Which lines of the data contain the string "Page"? Show each of them.

## Stored records
%%

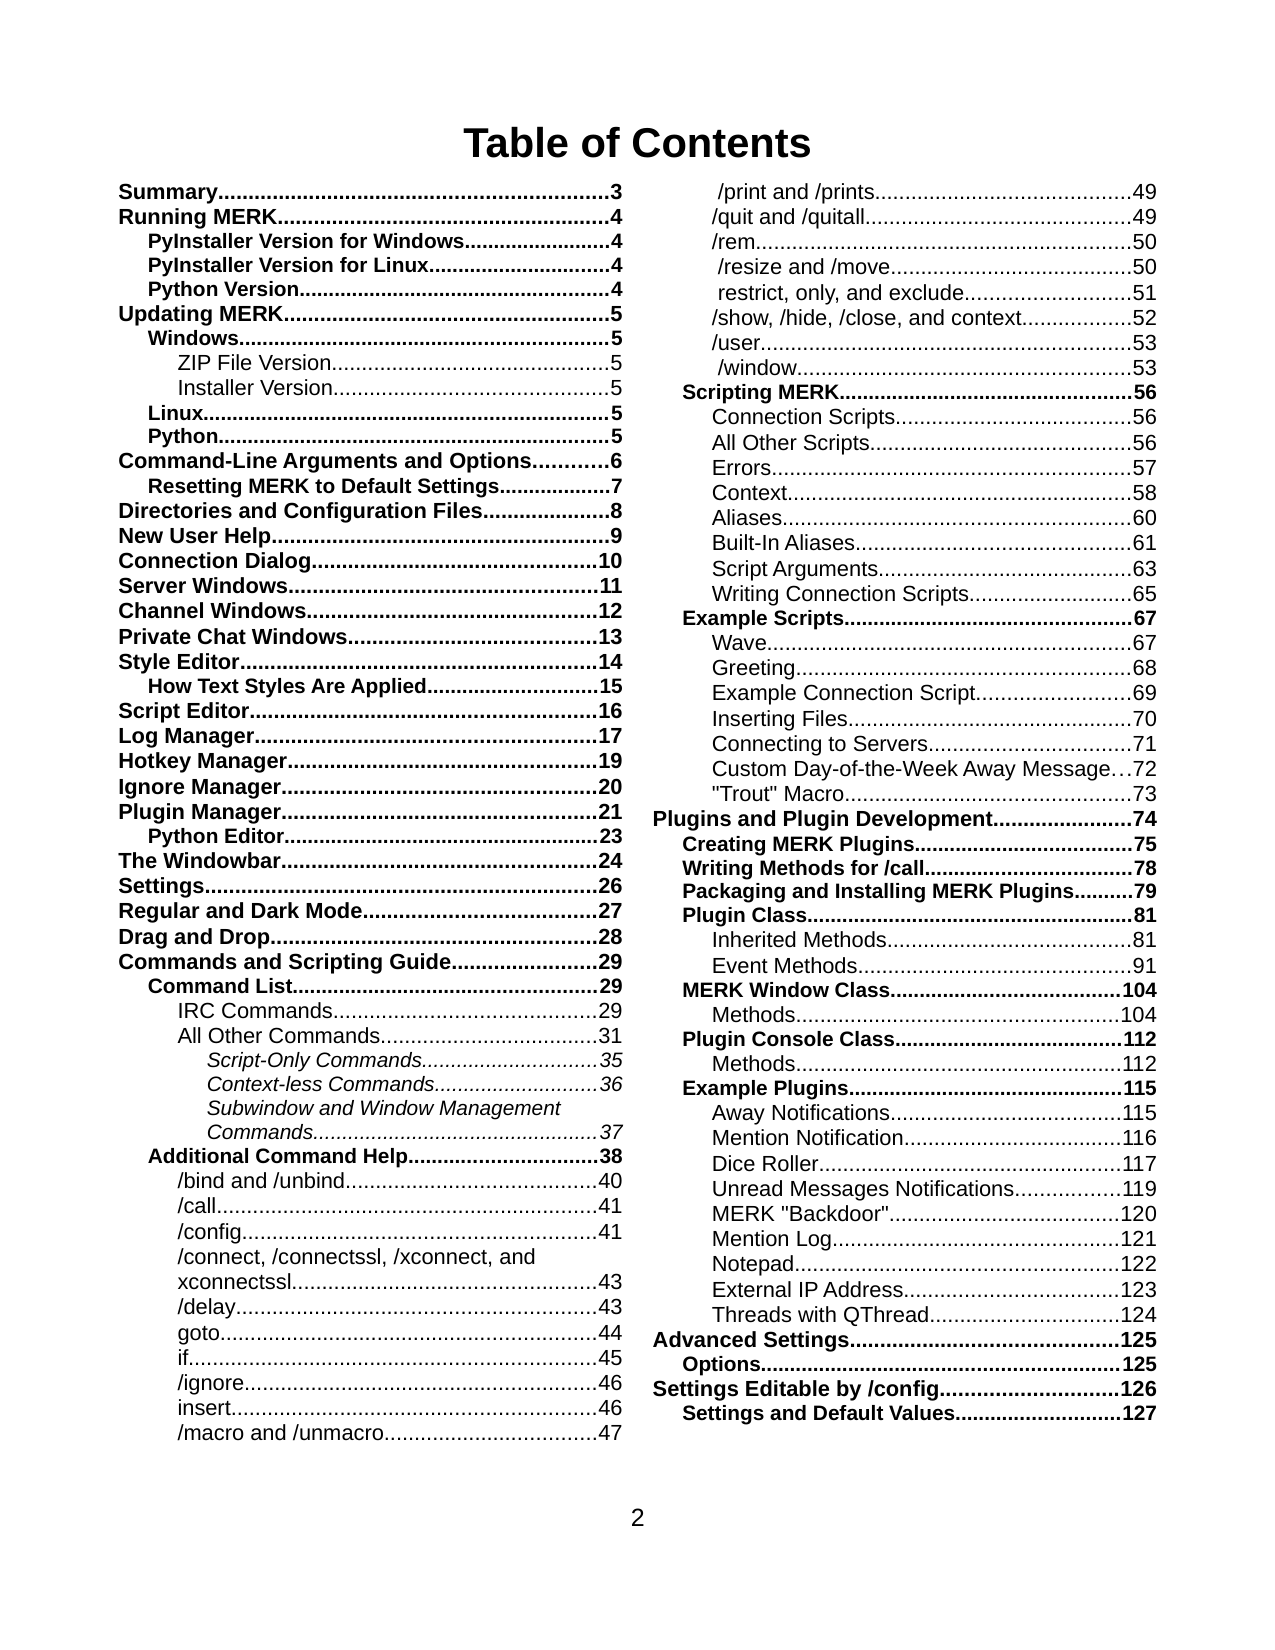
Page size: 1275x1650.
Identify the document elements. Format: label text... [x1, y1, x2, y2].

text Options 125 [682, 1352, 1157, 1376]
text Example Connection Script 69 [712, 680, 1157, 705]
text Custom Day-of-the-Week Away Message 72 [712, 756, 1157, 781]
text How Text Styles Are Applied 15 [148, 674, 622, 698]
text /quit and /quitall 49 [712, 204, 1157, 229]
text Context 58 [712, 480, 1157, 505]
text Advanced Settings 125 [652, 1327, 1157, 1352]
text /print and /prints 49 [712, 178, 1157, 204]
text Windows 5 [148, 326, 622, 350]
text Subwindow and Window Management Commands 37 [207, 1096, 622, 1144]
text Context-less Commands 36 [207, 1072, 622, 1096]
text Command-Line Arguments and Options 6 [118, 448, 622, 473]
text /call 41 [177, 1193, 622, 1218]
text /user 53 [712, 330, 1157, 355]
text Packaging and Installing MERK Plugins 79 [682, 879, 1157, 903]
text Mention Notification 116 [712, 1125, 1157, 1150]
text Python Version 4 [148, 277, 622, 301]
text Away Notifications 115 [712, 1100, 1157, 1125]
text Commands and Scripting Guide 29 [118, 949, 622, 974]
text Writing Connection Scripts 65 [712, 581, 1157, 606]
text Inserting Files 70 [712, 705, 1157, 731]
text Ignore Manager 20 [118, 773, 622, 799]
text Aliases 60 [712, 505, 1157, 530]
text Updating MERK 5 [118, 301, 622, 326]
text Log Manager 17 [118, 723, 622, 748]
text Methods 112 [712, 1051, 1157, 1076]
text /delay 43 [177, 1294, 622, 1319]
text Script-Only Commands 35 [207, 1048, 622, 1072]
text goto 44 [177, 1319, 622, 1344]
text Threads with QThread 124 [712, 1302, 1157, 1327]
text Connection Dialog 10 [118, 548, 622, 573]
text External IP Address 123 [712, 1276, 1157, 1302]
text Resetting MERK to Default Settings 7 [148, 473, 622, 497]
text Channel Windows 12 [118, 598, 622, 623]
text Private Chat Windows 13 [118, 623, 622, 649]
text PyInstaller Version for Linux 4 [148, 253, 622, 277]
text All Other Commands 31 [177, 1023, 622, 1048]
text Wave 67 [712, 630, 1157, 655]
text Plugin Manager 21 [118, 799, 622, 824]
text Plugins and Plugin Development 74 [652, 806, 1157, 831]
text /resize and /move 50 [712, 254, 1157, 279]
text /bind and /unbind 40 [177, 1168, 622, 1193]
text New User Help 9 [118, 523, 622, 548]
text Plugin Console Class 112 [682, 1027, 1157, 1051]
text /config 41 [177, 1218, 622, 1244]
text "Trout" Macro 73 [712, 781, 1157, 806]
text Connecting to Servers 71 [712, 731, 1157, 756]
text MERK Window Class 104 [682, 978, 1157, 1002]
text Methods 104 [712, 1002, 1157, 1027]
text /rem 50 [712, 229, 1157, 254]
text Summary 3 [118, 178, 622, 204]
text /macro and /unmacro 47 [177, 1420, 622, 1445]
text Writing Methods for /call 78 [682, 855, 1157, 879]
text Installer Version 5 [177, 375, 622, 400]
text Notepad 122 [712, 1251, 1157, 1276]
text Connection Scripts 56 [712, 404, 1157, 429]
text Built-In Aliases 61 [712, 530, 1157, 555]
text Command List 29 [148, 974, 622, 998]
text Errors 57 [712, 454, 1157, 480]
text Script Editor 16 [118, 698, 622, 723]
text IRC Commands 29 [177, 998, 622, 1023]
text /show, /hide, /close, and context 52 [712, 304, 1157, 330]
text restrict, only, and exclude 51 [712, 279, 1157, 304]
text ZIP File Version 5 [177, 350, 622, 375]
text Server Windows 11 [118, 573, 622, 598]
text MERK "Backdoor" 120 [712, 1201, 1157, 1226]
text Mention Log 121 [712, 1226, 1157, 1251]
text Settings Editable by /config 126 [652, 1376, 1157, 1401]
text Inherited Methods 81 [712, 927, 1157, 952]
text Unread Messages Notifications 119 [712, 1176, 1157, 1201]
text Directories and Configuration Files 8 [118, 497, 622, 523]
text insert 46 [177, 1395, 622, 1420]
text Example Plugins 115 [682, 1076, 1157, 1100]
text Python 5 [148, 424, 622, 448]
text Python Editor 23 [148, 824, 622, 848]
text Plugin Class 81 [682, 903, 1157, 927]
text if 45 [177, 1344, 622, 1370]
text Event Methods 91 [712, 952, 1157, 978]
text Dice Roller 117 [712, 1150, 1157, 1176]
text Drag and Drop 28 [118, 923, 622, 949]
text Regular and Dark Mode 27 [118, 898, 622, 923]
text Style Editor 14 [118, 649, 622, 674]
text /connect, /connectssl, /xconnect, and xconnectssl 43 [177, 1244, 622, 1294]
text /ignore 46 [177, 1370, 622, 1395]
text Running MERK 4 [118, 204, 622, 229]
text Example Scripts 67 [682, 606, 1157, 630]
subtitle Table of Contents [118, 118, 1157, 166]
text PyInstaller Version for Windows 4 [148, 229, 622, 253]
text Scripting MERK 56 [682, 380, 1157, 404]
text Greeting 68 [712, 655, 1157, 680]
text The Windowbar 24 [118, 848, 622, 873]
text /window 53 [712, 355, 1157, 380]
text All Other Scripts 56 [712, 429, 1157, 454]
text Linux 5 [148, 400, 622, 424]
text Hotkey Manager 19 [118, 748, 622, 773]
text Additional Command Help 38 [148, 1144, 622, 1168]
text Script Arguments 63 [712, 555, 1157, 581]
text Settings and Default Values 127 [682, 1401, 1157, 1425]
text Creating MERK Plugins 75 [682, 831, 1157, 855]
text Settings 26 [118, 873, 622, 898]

%%
%%

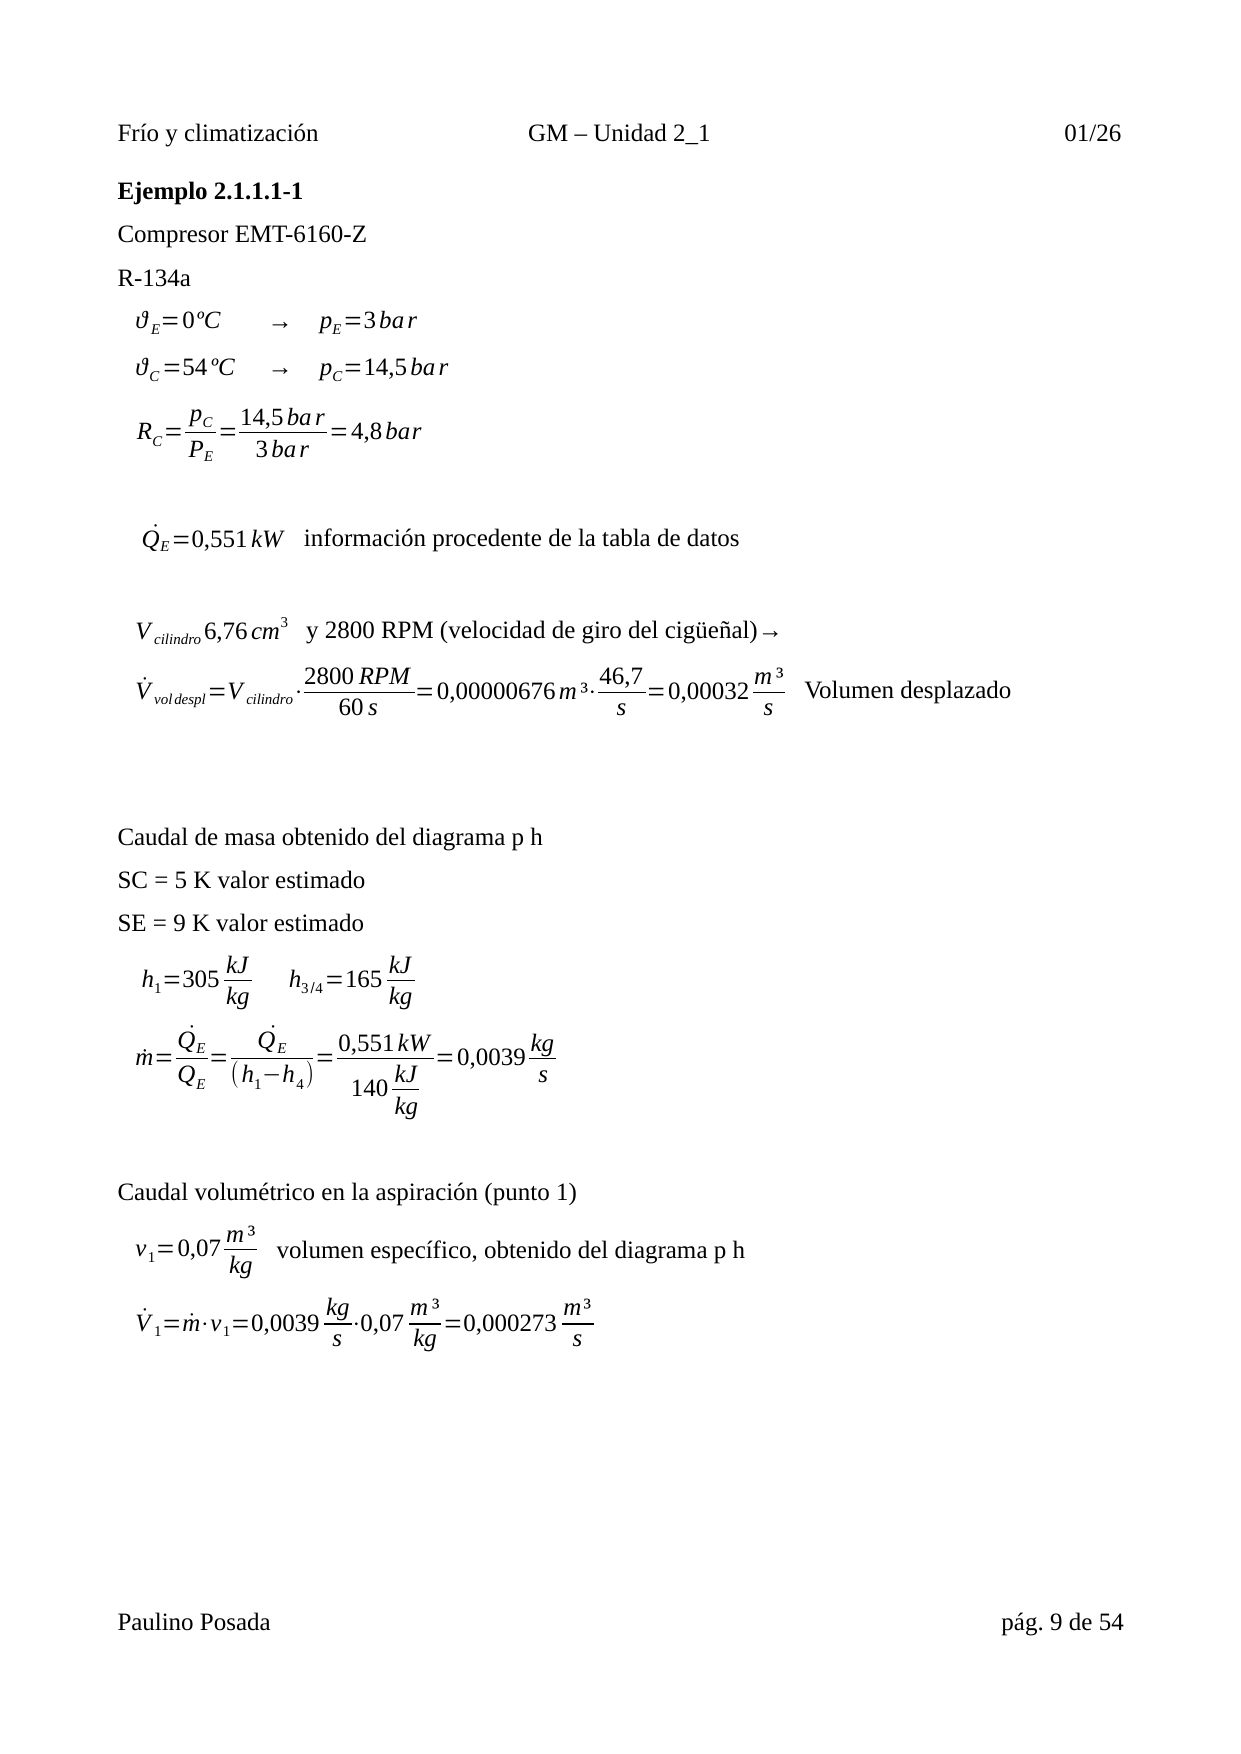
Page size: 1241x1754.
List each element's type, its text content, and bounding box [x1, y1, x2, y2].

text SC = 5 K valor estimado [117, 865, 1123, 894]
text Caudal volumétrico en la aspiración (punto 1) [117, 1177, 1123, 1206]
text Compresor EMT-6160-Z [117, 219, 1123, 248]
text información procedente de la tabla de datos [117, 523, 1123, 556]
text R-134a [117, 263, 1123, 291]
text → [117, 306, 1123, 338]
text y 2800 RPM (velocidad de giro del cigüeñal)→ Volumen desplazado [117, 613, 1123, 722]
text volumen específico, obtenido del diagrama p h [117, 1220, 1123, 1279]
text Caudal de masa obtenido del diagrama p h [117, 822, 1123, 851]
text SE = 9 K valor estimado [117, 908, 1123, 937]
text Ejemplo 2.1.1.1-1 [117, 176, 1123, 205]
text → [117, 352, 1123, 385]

%%

## ANSWER BOX
Page size: 1275x1650.
Page size: 1241x1754.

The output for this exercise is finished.